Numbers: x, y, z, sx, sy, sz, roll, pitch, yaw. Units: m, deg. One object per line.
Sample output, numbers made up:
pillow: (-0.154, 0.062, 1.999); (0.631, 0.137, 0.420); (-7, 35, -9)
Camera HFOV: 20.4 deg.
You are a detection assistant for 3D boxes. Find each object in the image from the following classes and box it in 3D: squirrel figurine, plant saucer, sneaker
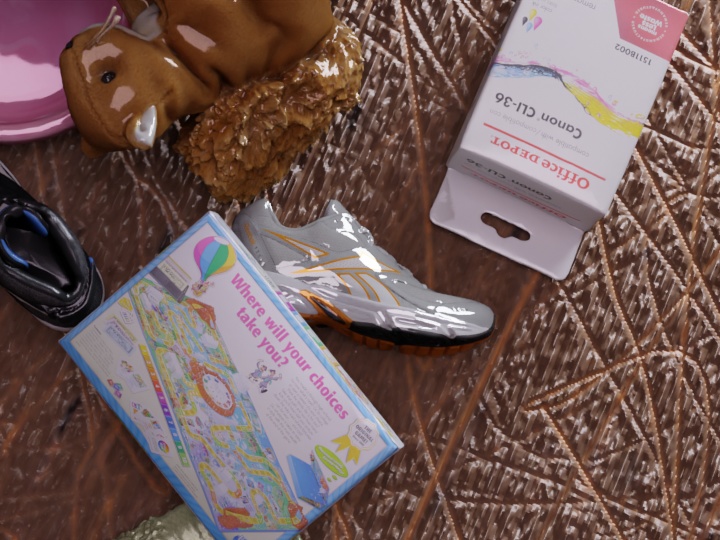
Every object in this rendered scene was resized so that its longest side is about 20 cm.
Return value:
squirrel figurine: (-0.100, -0.130, 1.327); (0.187, 0.141, 0.200); (-50, 118, -25)
plant saucer: (-0.245, -0.183, 1.389); (0.198, 0.051, 0.203); (1, 81, -7)
sneaker: (-0.250, -0.044, 1.334); (0.200, 0.112, 0.073); (39, 78, 1)
sneaker: (0.000, 0.000, 1.375); (0.198, 0.076, 0.093); (12, 75, -5)

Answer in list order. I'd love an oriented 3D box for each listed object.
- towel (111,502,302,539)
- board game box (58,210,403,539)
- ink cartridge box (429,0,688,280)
towel: (-0.083, 0.245, 1.343); (0.148, 0.036, 0.201); (-30, 86, -9)
board game box: (-0.085, 0.081, 1.319); (0.134, 0.034, 0.200); (-39, 85, 4)
ink cartridge box: (0.137, -0.108, 1.407); (0.116, 0.068, 0.201); (23, 79, -2)
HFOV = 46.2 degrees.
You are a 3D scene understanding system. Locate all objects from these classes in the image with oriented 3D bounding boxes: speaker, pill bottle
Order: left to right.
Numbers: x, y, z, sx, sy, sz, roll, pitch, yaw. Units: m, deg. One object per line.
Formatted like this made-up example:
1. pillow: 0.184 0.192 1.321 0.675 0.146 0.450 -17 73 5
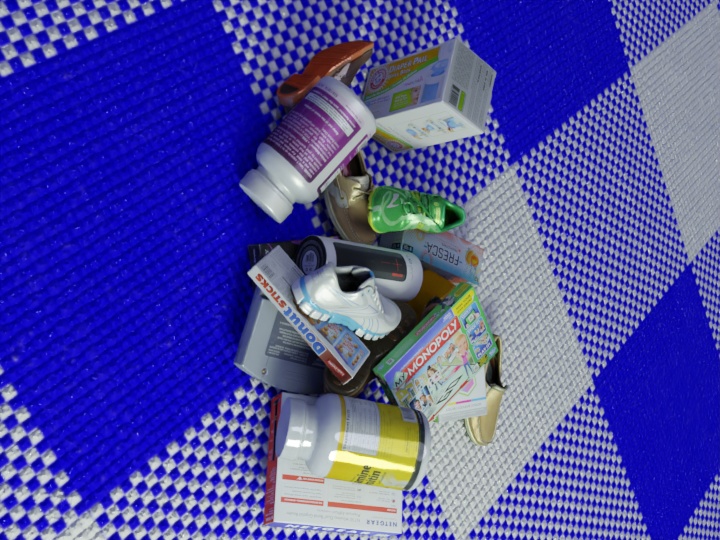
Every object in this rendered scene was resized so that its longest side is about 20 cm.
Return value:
1. pill bottle: -0.078 -0.169 1.204 0.200 0.112 0.112 -48 119 -7
2. pill bottle: -0.011 0.231 1.152 0.197 0.112 0.114 13 79 -14
3. speaker: 0.000 0.000 1.266 0.198 0.081 0.083 9 82 -41

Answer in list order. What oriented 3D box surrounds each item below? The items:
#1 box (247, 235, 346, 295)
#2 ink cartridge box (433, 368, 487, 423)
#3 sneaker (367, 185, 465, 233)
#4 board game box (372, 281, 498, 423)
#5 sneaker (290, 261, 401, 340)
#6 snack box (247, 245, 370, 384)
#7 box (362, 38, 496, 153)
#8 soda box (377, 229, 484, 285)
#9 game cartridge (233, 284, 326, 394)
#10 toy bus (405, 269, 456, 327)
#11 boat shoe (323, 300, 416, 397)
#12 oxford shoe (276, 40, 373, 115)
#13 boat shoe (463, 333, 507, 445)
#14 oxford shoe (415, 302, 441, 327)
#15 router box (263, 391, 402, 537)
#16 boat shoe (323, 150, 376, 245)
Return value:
1. box: -0.075 0.024 1.273 0.198 0.036 0.146 -9 93 -40
2. ink cartridge box: 0.154 0.151 1.441 0.102 0.059 0.204 -3 89 -31
3. sneaker: 0.088 -0.095 1.302 0.198 0.083 0.075 -1 88 -45
4. board game box: 0.116 0.132 1.253 0.200 0.029 0.136 -42 126 -23
5. sneaker: 0.002 0.037 1.168 0.199 0.086 0.076 18 41 -46
6. snack box: -0.068 0.059 1.157 0.201 0.024 0.072 50 31 -4
7. box: 0.100 -0.270 1.331 0.101 0.198 0.114 27 69 -37
8. soda box: 0.121 -0.032 1.428 0.198 0.063 0.069 22 74 -37
9. game cartridge: -0.089 0.107 1.215 0.199 0.041 0.135 21 81 -43
10. toy bus: 0.073 0.084 1.361 0.200 0.065 0.079 -44 152 -28
11. boat shoe: 0.010 0.121 1.249 0.072 0.068 0.200 35 54 13
12. oxford shoe: -0.047 -0.291 1.302 0.200 0.071 0.074 -42 131 -27
13. boat shoe: 0.226 0.212 1.498 0.071 0.076 0.204 -3 90 -41
14. oxford shoe: 0.121 0.145 1.312 0.069 0.075 0.203 -3 123 -4
15. router box: -0.036 0.282 1.219 0.197 0.049 0.182 13 64 -22
16. boat shoe: -0.016 -0.131 1.291 0.074 0.066 0.203 -21 92 -45
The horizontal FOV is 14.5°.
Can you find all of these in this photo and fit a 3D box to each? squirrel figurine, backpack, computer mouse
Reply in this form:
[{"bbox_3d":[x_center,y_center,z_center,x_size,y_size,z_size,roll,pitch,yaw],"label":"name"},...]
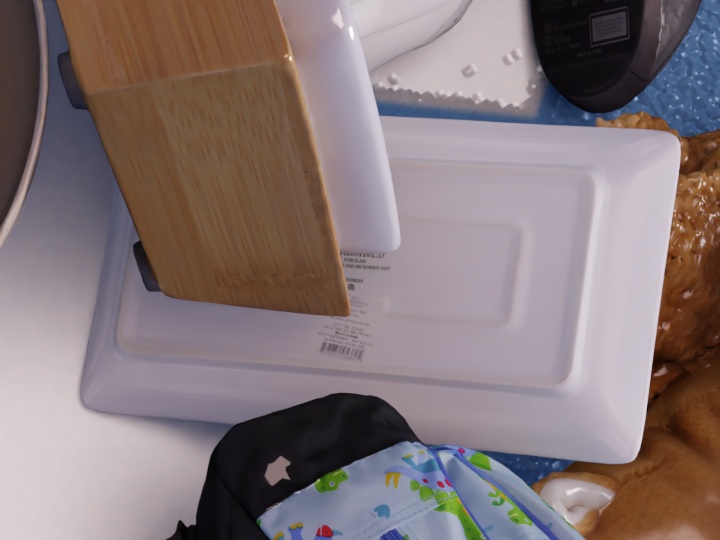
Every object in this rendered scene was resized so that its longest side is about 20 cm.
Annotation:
[{"bbox_3d":[0.125,0.044,0.954,0.186,0.142,0.200,-28,76,-6],"label":"squirrel figurine"},{"bbox_3d":[0.039,0.152,0.855,0.153,0.163,0.200,-14,49,-22],"label":"backpack"},{"bbox_3d":[0.109,-0.160,0.970,0.046,0.140,0.201,0,81,-33],"label":"computer mouse"}]

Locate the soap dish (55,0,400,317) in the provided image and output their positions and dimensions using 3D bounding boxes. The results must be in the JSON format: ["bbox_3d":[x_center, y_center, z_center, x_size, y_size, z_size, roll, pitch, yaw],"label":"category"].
[{"bbox_3d":[-0.055,-0.099,0.828,0.081,0.157,0.200,-18,64,-2],"label":"soap dish"}]

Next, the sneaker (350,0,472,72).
[{"bbox_3d":[0.022,-0.129,0.951,0.200,0.087,0.075,-40,54,5],"label":"sneaker"}]

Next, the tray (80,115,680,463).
[{"bbox_3d":[0.000,0.000,0.912,0.200,0.022,0.108,4,80,24],"label":"tray"}]

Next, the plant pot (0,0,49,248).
[{"bbox_3d":[-0.193,-0.052,0.862,0.200,0.134,0.201,0,86,-4],"label":"plant pot"}]
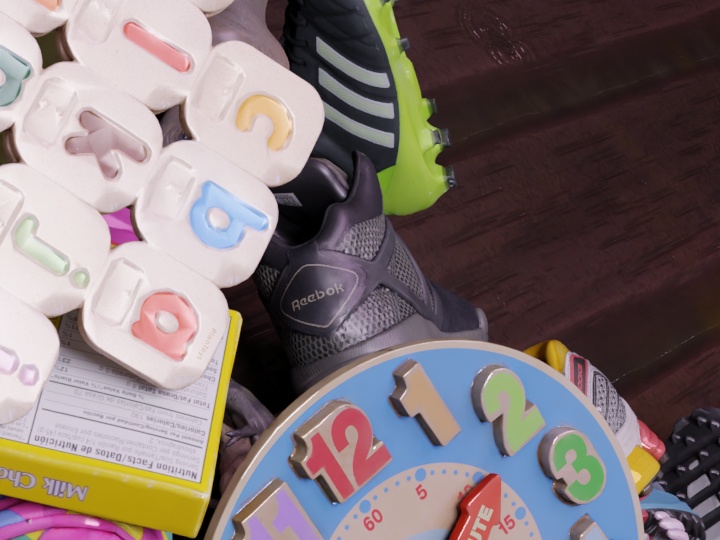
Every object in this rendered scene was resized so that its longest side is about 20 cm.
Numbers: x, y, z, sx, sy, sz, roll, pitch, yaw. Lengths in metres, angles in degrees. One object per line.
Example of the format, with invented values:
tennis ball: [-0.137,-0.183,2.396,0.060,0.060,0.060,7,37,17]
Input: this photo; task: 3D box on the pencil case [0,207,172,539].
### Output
pencil case: [-0.110,0.059,0.991,0.088,0.088,0.200,35,30,-27]

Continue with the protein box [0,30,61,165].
protein box: [-0.187,-0.138,0.999,0.200,0.198,0.135,39,27,-20]

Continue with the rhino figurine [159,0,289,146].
rhino figurine: [-0.078,-0.098,1.242,0.087,0.060,0.200,-6,45,-6]

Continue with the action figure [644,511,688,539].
action figure: [0.129,0.192,1.126,0.149,0.134,0.200,30,31,-41]

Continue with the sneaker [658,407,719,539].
sneaker: [0.209,0.164,1.382,0.090,0.066,0.200,26,37,-45]

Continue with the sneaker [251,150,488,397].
sneaker: [0.000,0.000,1.203,0.199,0.076,0.114,-9,79,-76]

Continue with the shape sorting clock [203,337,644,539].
shape sorting clock: [0.027,0.125,1.016,0.200,0.200,0.039,36,-12,-26]

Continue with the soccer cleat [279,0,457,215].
soccer cleat: [-0.013,-0.102,1.293,0.068,0.081,0.200,-94,168,-51]

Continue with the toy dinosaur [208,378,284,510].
toy dinosaur: [-0.057,0.065,1.102,0.088,0.048,0.200,31,10,-4]

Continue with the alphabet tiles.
alphabet tiles: [-0.112,-0.056,0.891,0.195,0.015,0.200,32,71,-20]

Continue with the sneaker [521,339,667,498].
sneaker: [0.039,0.103,1.110,0.200,0.078,0.082,-41,99,-38]

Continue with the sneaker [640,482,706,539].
sneaker: [0.068,0.105,1.245,0.200,0.079,0.096,23,15,-46]

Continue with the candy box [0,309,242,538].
candy box: [-0.144,0.029,0.921,0.200,0.026,0.102,14,39,-4]
================
Exercise objective>
Word for word, write out the lines above running from the one with "1. pillow: 0.184" up to and including the one with "#16 boat shoe (323, 150, 376, 245)". Drop any picture.

Answer to the problem>
1. pillow: 0.184 0.192 1.321 0.675 0.146 0.450 -17 73 5
Every object in this rendered scene was resized so that its longest side is about 20 cm.
Return value:
1. pill bottle: -0.078 -0.169 1.204 0.200 0.112 0.112 -48 119 -7
2. pill bottle: -0.011 0.231 1.152 0.197 0.112 0.114 13 79 -14
3. speaker: 0.000 0.000 1.266 0.198 0.081 0.083 9 82 -41

Answer in list order. What oriented 3D box surrounds each item below? The items:
#1 box (247, 235, 346, 295)
#2 ink cartridge box (433, 368, 487, 423)
#3 sneaker (367, 185, 465, 233)
#4 board game box (372, 281, 498, 423)
#5 sneaker (290, 261, 401, 340)
#6 snack box (247, 245, 370, 384)
#7 box (362, 38, 496, 153)
#8 soda box (377, 229, 484, 285)
#9 game cartridge (233, 284, 326, 394)
#10 toy bus (405, 269, 456, 327)
#11 boat shoe (323, 300, 416, 397)
#12 oxford shoe (276, 40, 373, 115)
#13 boat shoe (463, 333, 507, 445)
#14 oxford shoe (415, 302, 441, 327)
#15 router box (263, 391, 402, 537)
#16 boat shoe (323, 150, 376, 245)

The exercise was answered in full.